One of the options for the main course is a version of a hawker staple—the Hokkien mee— reimagined as a pasta dish using tagliatelle (in place of yellow noodles), enhanced with smoked ham stock and tossed with pork belly and squid. Vegetarians are not forgotten and can look forward to the ‘Lei Cha’ Thunder Tea risotto. Roti & Kopi, a medley of gula Melaka, pandan ice cream and kaya drizzled with coffee-flavoured syrup, serves as your grand finale.

For information and reservations, please click here.


Smoke & Mirrors

August 9, 5pm until late
Not only will you have one of the best views of the National Day celebration from the rooftop of the National Gallery, you can also enjoy head bartender Yugnes Susela’s unique version of the Singapore Sling. Aptly called Old & New Sling, the sweet and refreshing tipple is a combination of rye whisky, cassis liqueur, orange juice, bitters and bubbles.

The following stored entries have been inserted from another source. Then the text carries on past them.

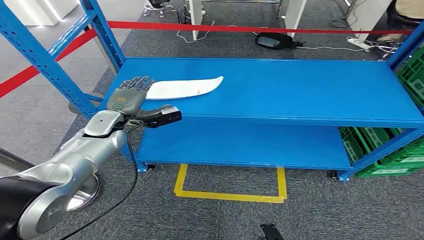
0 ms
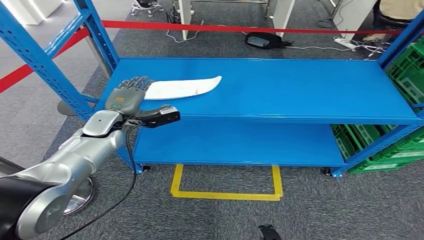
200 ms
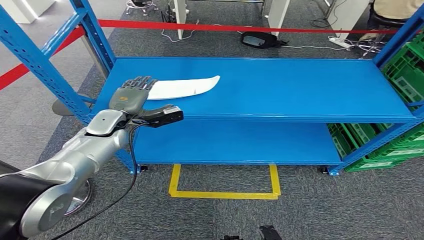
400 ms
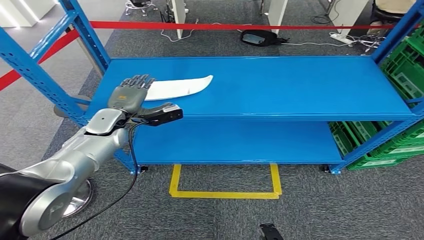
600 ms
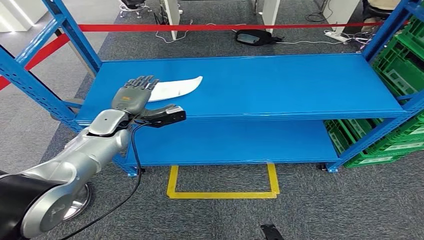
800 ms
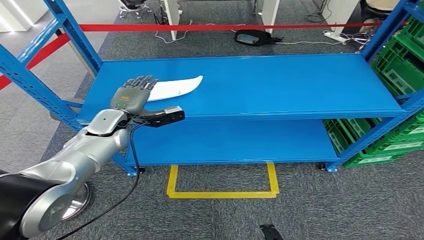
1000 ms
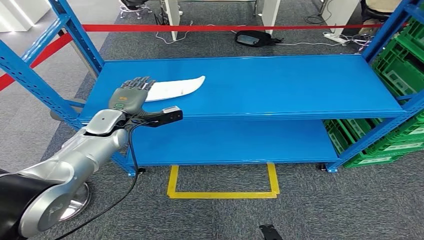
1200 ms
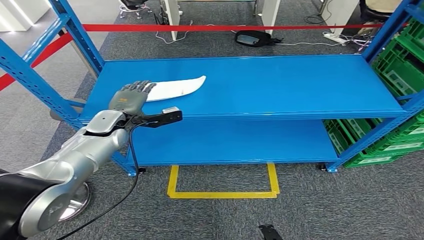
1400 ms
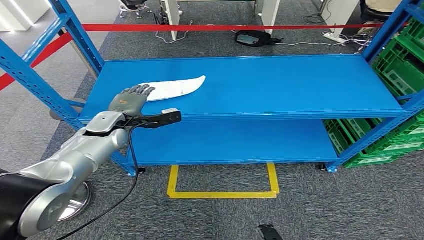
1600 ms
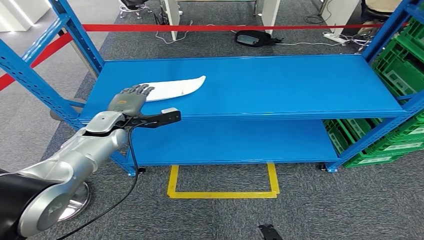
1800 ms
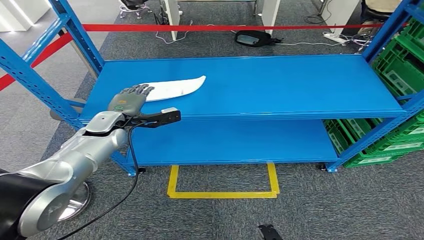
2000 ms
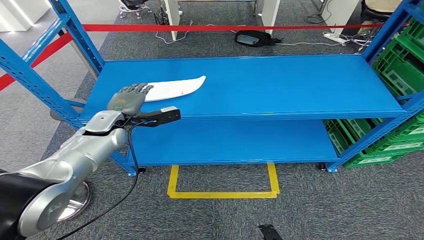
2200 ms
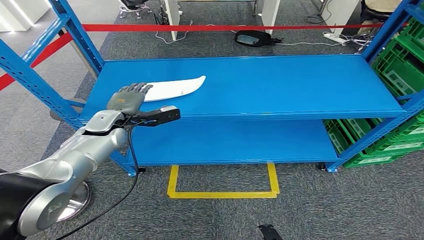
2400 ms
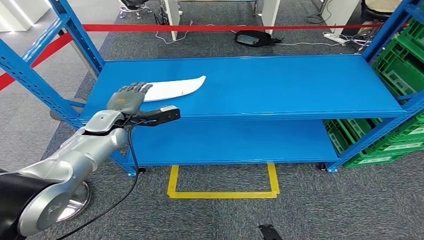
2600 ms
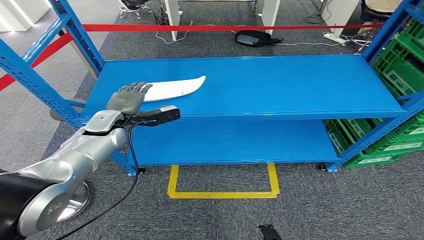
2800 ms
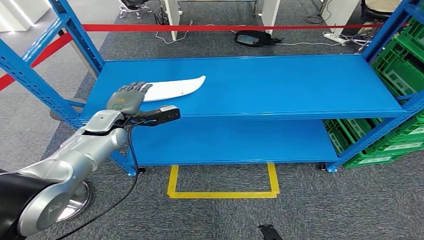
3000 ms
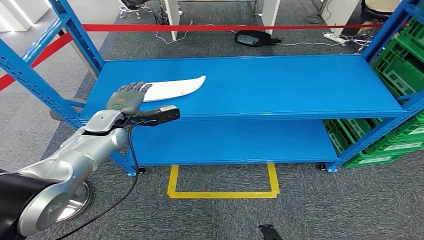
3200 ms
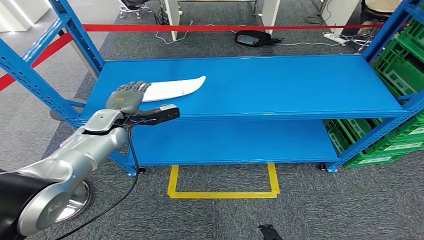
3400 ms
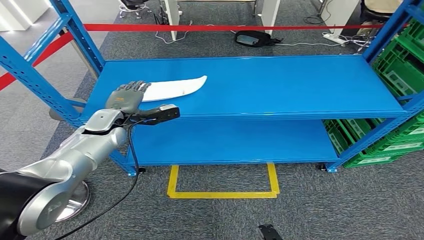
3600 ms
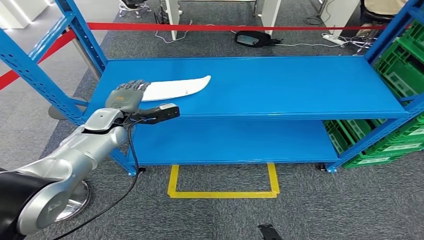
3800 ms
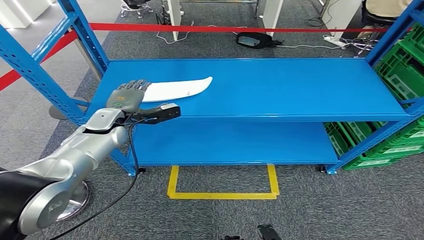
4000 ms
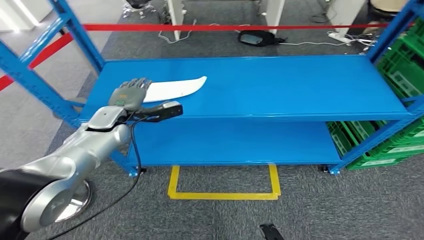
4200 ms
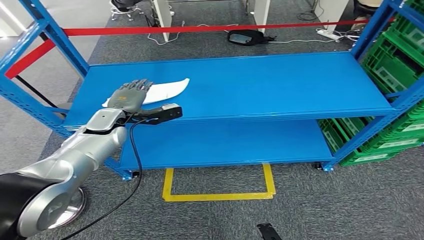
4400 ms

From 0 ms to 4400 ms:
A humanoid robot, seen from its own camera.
From 1400 ms to 3000 ms: Both hands stay put.

Follow that with Teh Peng, Susela’s version of the familiar beverage. This one's sweet and smoky, thanks to the combination of Monkey Shoulder whisky, egg white and chai.

For information and reservation, please call 9234 8122 or email reserve@smokeandmirrors.com.sg.


Una

August 1 to 26, dinner
In line with the celebrations, Una has jazzed up its offerings with an exclusive National Day menu of Spanish-Singaporean creations, served alongside its regular a la carte menu. A lip-smacking start to the meal is the sauteed gambas with laksa paste, cooked with chunky tiger prawns are stir-fried with a piquant homemade rempah (spice paste)

Fans of Hainanese chicken rice, you'll love the Paella de Pollo de Singapur, a hearty dish of fragrant bomba rice studded with roasted chicken cubes and cucumber and spiced up with the housemade chilli.